K(R | RT) = (KR | KRT) = KR(I | T)

Hence Pc, the projection of P is given by:

Pc = KR(I | T)P = CP

C is a 3×4 matrix usually called the complete camera calibration matrix. So basically, camera calibration matrix is used to transform a 3D point in the real world to a 2D point on the image plane considering all the things like focal length of the camera, distortion, resolution, shifting of origin, etc. This matrix consists of parameters that are intrinsic as well as extrinsic to the camera.

—————————————————————-———————————

I’m looking for information about cameras and computer vision because I want to make a camera calibration project and this information was very usefull to me. Thanks!

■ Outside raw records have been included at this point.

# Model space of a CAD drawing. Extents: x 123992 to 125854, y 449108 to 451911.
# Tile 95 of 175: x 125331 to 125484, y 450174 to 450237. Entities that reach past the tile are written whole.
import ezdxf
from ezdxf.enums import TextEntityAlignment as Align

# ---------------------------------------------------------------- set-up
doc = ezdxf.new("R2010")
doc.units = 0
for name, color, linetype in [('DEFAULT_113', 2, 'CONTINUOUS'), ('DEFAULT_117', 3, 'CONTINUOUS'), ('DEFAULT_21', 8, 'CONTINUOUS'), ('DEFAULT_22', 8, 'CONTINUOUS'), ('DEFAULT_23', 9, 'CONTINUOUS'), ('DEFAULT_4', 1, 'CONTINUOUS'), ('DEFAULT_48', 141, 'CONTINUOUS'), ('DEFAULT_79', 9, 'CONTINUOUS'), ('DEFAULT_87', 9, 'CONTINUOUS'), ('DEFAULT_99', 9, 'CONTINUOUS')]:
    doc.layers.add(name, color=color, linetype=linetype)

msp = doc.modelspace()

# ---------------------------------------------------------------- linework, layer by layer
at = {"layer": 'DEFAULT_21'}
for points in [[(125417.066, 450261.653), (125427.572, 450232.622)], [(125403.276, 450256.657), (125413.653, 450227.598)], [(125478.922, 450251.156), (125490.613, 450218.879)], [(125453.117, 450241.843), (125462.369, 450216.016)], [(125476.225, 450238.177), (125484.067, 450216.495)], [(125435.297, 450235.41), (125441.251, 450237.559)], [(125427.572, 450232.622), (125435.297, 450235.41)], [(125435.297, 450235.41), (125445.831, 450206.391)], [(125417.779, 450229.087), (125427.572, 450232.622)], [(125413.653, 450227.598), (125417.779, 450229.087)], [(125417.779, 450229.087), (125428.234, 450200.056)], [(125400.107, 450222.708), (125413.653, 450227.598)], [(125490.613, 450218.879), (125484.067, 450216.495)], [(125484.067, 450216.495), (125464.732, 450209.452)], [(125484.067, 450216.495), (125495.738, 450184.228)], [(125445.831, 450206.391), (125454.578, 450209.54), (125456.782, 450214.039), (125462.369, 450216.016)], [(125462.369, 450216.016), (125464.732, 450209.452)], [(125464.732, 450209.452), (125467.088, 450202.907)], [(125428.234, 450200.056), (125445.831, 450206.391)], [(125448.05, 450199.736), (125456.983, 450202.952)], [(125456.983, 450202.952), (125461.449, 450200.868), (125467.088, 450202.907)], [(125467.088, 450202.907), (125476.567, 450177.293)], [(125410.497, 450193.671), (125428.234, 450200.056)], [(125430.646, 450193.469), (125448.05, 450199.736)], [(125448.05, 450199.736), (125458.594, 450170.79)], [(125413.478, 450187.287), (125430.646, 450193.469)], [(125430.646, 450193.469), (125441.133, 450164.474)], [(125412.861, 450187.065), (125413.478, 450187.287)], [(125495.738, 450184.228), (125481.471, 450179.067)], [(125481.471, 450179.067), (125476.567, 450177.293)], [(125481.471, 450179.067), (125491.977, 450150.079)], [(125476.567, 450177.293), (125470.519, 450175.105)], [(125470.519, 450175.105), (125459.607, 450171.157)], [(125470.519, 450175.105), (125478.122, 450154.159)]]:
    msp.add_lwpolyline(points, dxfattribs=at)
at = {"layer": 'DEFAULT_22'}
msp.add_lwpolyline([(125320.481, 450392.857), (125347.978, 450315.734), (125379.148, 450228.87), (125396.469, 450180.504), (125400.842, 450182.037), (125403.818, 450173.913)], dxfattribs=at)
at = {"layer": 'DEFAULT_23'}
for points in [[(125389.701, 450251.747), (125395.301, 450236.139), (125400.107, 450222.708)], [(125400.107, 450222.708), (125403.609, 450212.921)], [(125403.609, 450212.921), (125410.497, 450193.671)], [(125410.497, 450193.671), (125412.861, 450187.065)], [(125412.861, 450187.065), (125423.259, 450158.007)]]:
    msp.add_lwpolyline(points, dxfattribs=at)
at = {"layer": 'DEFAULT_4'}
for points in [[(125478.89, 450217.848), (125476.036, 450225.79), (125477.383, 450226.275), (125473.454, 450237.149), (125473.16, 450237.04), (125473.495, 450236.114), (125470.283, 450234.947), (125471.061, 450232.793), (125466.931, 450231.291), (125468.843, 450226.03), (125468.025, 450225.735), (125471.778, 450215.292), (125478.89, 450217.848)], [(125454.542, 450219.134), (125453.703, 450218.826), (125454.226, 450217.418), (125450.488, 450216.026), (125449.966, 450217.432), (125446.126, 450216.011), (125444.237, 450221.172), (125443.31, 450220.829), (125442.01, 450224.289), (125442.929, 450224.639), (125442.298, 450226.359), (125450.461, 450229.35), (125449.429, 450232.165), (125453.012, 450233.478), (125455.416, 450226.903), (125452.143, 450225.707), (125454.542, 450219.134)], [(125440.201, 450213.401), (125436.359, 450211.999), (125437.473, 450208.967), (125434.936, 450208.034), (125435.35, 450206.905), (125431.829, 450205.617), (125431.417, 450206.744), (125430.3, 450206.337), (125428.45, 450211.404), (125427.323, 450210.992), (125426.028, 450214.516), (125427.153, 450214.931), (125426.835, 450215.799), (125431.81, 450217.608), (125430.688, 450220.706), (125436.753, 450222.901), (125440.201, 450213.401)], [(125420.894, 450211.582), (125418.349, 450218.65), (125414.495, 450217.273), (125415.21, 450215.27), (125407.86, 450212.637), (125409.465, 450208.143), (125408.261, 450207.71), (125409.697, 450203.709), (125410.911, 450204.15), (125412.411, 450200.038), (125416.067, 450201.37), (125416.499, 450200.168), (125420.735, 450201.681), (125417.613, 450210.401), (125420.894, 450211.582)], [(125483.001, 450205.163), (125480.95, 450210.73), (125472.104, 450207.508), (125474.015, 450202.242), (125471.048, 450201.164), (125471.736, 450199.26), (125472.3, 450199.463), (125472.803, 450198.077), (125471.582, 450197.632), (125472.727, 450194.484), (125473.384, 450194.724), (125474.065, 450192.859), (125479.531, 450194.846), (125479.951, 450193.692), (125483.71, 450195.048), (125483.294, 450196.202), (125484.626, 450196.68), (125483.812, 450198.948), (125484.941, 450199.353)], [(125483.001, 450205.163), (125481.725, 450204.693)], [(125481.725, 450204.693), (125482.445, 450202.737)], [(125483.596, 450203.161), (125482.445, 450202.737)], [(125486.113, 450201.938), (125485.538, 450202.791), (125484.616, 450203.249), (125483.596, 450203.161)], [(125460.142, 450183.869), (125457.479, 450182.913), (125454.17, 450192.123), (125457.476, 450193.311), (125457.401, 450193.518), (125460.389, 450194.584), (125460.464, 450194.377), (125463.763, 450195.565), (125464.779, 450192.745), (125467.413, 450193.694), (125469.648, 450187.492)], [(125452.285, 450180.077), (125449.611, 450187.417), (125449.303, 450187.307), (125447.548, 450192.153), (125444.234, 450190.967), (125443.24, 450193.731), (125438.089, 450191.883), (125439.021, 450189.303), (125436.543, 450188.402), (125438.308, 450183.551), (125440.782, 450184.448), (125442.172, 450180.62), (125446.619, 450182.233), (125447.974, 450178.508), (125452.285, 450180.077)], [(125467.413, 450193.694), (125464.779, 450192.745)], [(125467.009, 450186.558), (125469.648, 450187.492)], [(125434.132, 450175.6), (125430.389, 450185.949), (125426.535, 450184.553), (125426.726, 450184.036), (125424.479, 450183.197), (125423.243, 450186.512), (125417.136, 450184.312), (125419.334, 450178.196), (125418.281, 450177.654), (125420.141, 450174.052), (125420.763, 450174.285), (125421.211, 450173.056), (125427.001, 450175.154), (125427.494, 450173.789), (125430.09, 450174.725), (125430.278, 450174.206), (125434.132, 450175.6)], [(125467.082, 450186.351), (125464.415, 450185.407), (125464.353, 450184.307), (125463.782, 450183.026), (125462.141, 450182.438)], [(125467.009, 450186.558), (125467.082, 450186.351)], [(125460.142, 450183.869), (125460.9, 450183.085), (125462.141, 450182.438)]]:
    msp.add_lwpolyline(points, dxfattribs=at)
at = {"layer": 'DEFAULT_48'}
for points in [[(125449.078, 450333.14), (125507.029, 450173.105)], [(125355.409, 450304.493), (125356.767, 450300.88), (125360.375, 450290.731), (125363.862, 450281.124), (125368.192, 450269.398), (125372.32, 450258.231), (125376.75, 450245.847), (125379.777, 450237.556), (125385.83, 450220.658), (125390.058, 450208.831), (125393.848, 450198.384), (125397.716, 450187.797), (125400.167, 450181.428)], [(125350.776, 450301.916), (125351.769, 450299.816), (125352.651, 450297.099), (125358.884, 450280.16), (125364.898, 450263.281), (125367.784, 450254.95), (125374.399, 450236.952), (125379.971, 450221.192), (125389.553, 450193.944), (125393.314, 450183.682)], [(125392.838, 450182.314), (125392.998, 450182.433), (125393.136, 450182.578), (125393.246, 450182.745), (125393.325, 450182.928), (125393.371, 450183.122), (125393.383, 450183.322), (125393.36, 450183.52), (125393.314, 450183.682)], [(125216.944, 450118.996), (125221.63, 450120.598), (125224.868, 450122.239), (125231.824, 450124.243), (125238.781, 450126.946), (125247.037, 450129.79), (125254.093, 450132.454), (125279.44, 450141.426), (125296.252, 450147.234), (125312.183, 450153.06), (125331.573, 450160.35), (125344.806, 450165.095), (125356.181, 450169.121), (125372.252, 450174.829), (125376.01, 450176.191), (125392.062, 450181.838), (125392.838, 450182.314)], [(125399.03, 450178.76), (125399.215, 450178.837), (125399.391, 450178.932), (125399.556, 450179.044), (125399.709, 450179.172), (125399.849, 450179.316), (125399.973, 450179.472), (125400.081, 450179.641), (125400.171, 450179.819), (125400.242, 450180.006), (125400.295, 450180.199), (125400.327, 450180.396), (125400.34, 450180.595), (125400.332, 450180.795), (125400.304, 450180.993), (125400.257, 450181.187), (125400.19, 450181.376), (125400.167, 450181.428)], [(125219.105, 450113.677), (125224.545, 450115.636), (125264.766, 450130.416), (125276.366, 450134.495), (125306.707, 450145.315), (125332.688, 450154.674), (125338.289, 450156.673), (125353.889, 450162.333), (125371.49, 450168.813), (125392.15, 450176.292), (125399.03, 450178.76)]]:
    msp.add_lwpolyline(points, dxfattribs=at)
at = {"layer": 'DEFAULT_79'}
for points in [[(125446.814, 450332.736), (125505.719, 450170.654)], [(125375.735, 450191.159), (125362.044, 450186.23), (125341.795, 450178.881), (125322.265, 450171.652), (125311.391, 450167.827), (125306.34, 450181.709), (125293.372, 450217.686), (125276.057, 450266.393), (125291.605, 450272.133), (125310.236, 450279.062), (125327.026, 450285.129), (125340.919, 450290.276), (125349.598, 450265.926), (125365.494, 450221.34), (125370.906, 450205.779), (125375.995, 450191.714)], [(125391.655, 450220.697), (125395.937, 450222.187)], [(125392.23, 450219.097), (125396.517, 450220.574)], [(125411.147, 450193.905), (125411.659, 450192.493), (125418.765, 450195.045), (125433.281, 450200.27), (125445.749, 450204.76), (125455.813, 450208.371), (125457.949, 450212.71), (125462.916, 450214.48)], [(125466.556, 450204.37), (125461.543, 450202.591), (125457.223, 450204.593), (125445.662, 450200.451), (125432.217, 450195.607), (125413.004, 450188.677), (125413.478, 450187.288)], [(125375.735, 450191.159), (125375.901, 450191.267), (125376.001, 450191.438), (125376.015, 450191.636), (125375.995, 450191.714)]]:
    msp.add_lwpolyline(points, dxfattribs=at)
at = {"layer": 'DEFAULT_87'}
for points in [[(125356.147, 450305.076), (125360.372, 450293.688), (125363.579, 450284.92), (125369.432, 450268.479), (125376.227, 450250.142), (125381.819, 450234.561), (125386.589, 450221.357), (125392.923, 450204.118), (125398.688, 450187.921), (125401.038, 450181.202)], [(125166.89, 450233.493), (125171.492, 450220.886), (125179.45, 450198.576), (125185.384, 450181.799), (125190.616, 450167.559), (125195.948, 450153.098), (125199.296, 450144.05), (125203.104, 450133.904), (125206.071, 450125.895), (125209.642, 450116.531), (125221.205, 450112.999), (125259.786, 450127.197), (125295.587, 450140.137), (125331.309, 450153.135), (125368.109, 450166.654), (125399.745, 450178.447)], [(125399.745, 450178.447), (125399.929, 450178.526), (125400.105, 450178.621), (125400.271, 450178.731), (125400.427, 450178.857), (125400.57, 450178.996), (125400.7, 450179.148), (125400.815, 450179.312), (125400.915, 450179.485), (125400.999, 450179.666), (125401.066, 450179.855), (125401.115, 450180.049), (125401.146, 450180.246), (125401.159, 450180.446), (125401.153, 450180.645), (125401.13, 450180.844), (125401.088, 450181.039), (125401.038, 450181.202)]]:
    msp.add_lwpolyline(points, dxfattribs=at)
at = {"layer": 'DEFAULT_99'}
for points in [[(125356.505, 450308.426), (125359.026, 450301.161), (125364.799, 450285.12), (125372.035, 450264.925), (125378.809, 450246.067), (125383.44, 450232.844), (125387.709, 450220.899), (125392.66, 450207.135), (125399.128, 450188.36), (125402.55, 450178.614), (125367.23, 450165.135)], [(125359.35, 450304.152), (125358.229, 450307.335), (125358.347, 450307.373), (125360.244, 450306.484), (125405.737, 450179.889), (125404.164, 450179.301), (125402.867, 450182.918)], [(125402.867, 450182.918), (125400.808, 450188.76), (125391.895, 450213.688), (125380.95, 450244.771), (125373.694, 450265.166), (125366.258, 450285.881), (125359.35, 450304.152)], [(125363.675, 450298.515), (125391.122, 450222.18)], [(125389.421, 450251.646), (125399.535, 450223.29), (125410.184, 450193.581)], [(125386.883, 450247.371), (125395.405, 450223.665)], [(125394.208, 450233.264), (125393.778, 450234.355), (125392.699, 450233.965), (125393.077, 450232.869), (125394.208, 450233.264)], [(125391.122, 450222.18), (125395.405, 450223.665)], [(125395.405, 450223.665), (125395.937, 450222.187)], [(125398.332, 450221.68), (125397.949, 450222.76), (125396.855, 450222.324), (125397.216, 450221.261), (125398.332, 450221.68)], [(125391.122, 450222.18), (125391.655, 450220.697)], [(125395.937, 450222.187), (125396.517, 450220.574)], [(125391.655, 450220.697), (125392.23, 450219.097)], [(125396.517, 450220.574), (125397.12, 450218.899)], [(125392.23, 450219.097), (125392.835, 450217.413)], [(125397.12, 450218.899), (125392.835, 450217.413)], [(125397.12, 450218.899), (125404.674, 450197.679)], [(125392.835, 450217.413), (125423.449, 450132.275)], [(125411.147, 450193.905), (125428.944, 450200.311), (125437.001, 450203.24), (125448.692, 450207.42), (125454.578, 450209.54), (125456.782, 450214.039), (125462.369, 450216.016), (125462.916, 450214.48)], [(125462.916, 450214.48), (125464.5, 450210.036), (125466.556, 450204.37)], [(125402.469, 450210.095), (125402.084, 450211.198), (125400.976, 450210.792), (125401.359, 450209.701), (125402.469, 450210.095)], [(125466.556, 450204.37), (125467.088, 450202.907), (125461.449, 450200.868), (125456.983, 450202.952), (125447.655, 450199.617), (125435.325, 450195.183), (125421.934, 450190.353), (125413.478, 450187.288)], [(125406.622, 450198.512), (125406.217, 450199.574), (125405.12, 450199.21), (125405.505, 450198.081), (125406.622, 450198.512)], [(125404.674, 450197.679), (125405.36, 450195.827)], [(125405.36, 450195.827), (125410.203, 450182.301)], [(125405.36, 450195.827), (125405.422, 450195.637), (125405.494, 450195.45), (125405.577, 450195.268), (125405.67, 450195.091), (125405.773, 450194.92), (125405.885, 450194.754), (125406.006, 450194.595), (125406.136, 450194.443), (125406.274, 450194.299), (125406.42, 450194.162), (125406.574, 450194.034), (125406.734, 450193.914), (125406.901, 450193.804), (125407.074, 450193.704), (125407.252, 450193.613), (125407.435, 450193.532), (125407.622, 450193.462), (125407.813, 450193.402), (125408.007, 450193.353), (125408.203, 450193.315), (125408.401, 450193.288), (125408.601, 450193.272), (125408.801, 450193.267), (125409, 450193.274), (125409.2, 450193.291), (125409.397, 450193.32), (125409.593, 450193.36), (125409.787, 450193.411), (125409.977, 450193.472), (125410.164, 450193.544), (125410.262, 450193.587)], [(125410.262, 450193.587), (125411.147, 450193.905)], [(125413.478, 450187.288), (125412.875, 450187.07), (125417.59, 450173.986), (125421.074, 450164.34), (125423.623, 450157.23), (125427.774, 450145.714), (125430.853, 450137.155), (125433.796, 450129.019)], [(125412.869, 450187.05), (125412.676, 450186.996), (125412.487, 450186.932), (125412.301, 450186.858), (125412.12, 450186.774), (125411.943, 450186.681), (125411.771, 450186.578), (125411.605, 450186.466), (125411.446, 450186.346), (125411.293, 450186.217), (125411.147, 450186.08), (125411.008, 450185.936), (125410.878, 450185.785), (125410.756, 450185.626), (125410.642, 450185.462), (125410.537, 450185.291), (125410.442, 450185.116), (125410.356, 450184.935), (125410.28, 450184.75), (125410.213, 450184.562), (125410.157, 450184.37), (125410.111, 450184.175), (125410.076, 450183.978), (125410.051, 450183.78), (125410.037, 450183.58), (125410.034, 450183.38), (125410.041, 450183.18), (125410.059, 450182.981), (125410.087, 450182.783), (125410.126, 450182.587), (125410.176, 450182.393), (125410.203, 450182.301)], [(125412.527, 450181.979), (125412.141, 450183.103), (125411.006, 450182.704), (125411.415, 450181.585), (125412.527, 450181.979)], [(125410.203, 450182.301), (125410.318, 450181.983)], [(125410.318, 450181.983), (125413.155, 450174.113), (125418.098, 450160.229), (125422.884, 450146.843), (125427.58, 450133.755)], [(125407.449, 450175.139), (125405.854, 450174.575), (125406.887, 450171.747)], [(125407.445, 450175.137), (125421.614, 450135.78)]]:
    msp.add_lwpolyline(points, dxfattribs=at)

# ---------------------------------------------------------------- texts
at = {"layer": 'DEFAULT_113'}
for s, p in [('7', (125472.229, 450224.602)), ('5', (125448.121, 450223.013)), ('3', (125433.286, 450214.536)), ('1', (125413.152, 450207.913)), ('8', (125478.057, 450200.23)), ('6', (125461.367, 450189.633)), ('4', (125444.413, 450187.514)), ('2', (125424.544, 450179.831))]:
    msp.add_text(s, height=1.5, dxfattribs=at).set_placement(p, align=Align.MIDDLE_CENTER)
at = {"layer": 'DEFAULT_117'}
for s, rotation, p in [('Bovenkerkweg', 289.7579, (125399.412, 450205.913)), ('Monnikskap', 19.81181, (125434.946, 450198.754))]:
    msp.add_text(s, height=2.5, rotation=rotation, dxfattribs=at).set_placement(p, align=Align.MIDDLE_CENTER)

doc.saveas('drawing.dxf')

There is a typo in your equation. y = fY/Z + tv . I think it is v not y.

Thanks for pointing it out. I fixed it.

Pingback: Getting the World Position of a Screen Click in Unity – yerawizard

Hi.. I need to find out disparity map from already stored stereo dataset in my machine.. Do I still need to do camera callibration or can I directly try SBM or SGBM?

Very nicely explained… good enough for beginners!

One typo in the subscripts – at the part where you explain m_u and m_v, you have indicated it as “mu” and “mv”

Thanks, Shibon. I have corrected the typo.

Wonderfully explained!

So, if I’m not mistaken, camera calibration needs to be carried out to map 3D points from the real world on to the 2D image plane?

Thanks!

Or, is it used to find the intrinsic and extrinsic parameters of a camera a more appropriate explanation?